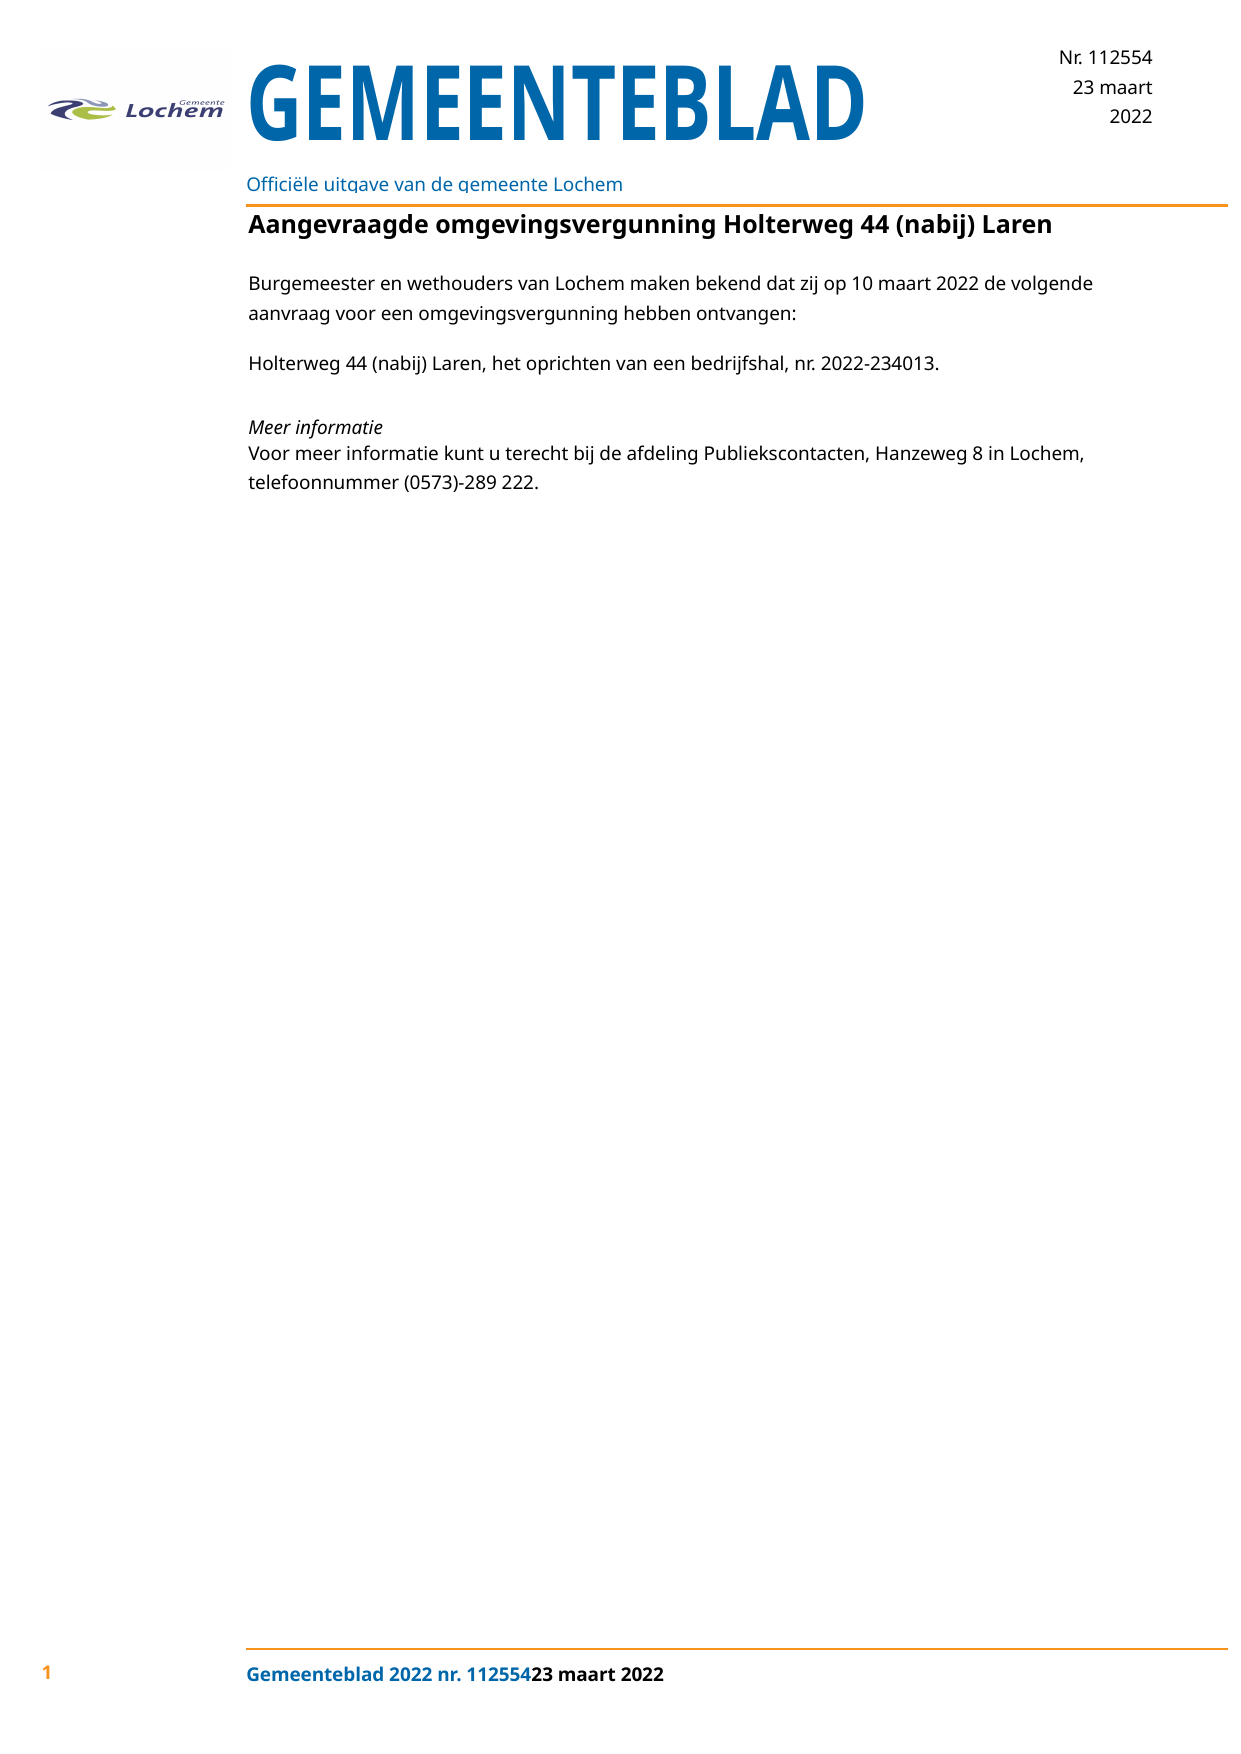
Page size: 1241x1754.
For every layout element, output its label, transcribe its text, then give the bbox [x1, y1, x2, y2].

picture [41, 47, 231, 172]
text Voor meer informatie kunt u terecht bij de afdeling Publiekscontacten, Hanzeweg 8 in Lochem, telefoonnummer (0573)-289 222. [248, 440, 1152, 495]
text Burgemeester en wethouders van Lochem maken bekend dat zij op 10 maart 2022 de volgende aanvraag voor een omgevingsvergunning hebben ontvangen: [248, 270, 1152, 326]
text Holterweg 44 (nabij) Laren, het oprichten van een bedrijfshal, nr. 2022-234013. [248, 350, 1152, 376]
text Meer informatie [248, 414, 1152, 440]
text Aangevraagde omgevingsvergunning Holterweg 44 (nabij) Laren [248, 207, 1152, 241]
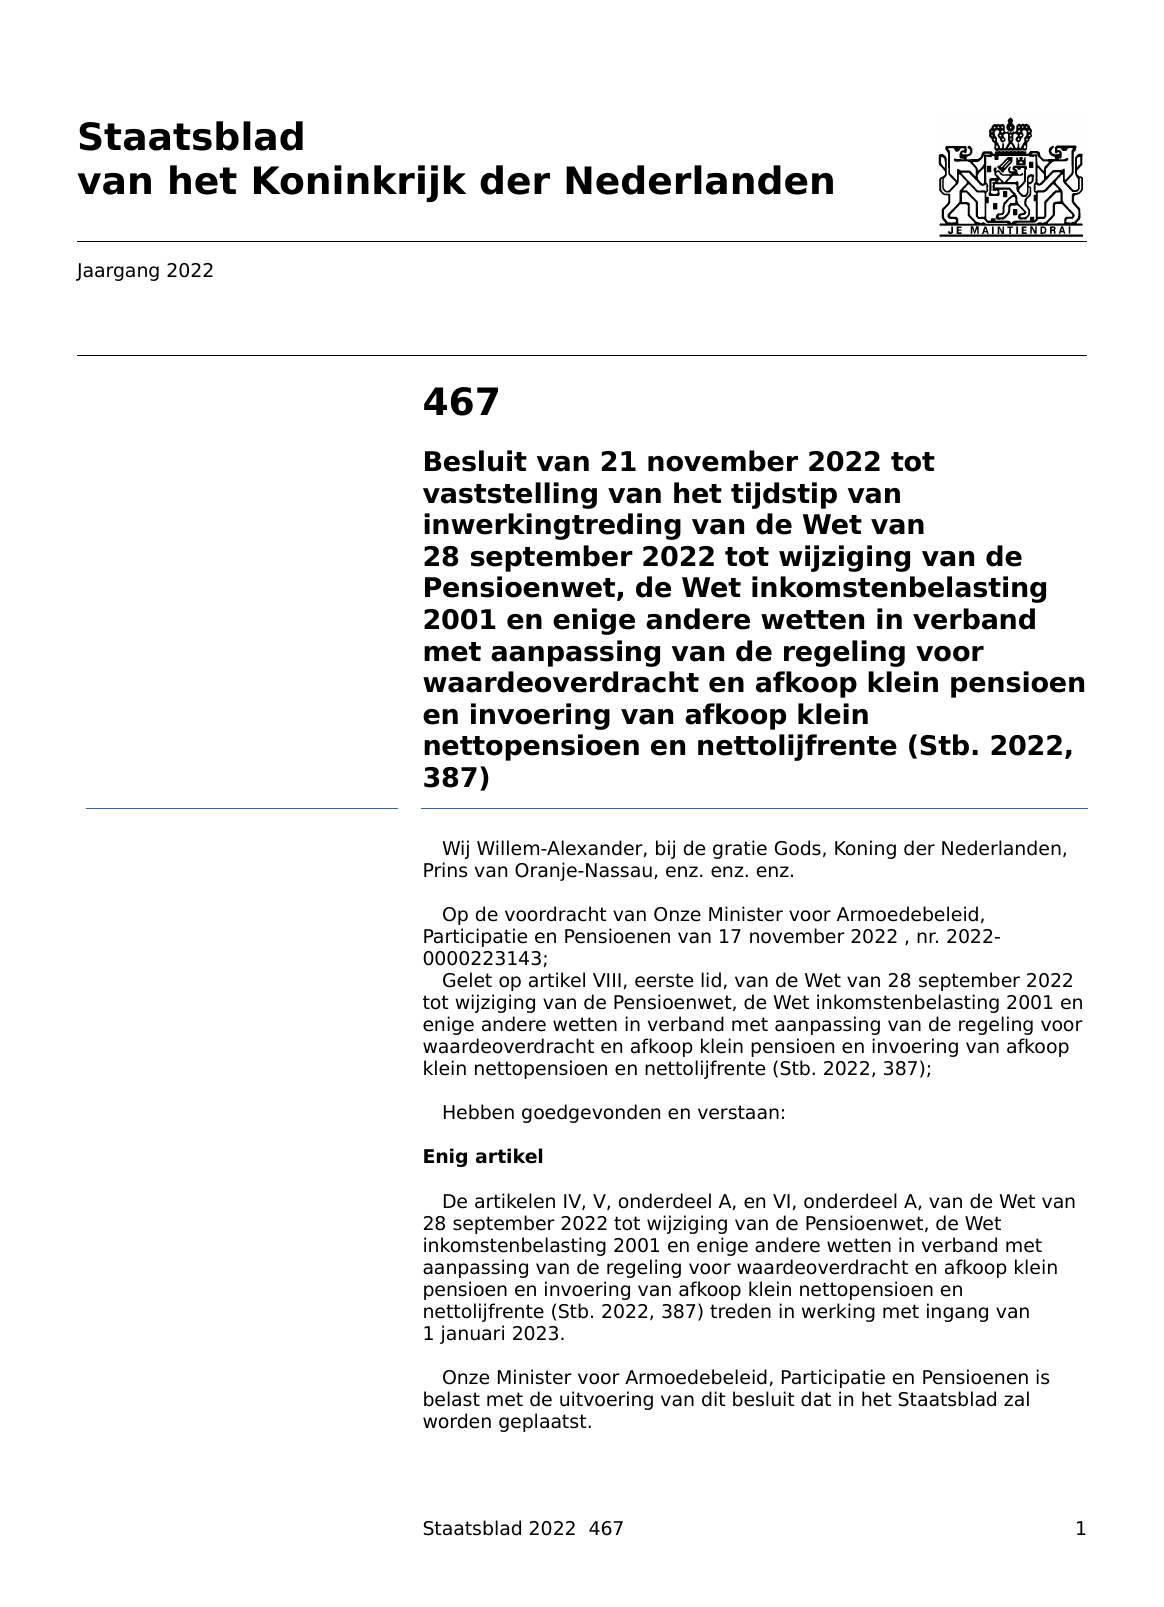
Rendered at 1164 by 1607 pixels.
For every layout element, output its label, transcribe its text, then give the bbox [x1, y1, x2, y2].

table_header Staatsblad van het Koninkrijk der Nederlanden [77, 100, 886, 241]
table_cell Jaargang 2022 [77, 242, 1087, 355]
text Besluit van 21 november 2022 tot vaststelling van het tijdstip van inwerkingtreding van de Wet van 28 september 2022 tot wijziging van de Pensioenwet, de Wet inkomstenbelasting 2001 en enige andere wetten in verband met aanpassing van de regeling voor waardeoverdracht en afkoop klein pensioen en invoering van afkoop klein nettopensioen en nettolijfrente (Stb. 2022, 387) [422, 447, 1087, 794]
text De artikelen IV, V, onderdeel A, en VI, onderdeel A, van de Wet van 28 september 2022 tot wijziging van de Pensioenwet, de Wet inkomstenbelasting 2001 en enige andere wetten in verband met aanpassing van de regeling voor waardeoverdracht en afkoop klein pensioen en invoering van afkoop klein nettopensioen en nettolijfrente (Stb. 2022, 387) treden in werking met ingang van 1 januari 2023. [422, 1191, 1087, 1344]
text Hebben goedgevonden en verstaan: [422, 1102, 1087, 1124]
text Op de voordracht van Onze Minister voor Armoedebeleid, Participatie en Pensioenen van 17 november 2022 , nr. 2022-0000223143; [422, 904, 1087, 970]
subtitle 467 [422, 381, 1087, 424]
subtitle Enig artikel [422, 1146, 1087, 1168]
text Wij Willem-Alexander, bij de gratie Gods, Koning der Nederlanden, Prins van Oranje-Nassau, enz. enz. enz. [422, 838, 1087, 882]
text Gelet op artikel VIII, eerste lid, van de Wet van 28 september 2022 tot wijziging van de Pensioenwet, de Wet inkomstenbelasting 2001 en enige andere wetten in verband met aanpassing van de regeling voor waardeoverdracht en afkoop klein pensioen en invoering van afkoop klein nettopensioen en nettolijfrente (Stb. 2022, 387); [422, 970, 1087, 1080]
text Onze Minister voor Armoedebeleid, Participatie en Pensioenen is belast met de uitvoering van dit besluit dat in het Staatsblad zal worden geplaatst. [422, 1367, 1087, 1433]
picture [936, 115, 1087, 240]
table_header [886, 100, 1087, 241]

***

- [Exercise]: Using the data above, extract exactly the lines from the one that holds "text De artikelen" to the one that holds "text Hebben goedgevonden", both ends included, and no others.

- [Expected output]:
text De artikelen IV, V, onderdeel A, en VI, onderdeel A, van de Wet van 28 september 2022 tot wijziging van de Pensioenwet, de Wet inkomstenbelasting 2001 en enige andere wetten in verband met aanpassing van de regeling voor waardeoverdracht en afkoop klein pensioen en invoering van afkoop klein nettopensioen en nettolijfrente (Stb. 2022, 387) treden in werking met ingang van 1 januari 2023. [422, 1191, 1087, 1344]
text Hebben goedgevonden en verstaan: [422, 1102, 1087, 1124]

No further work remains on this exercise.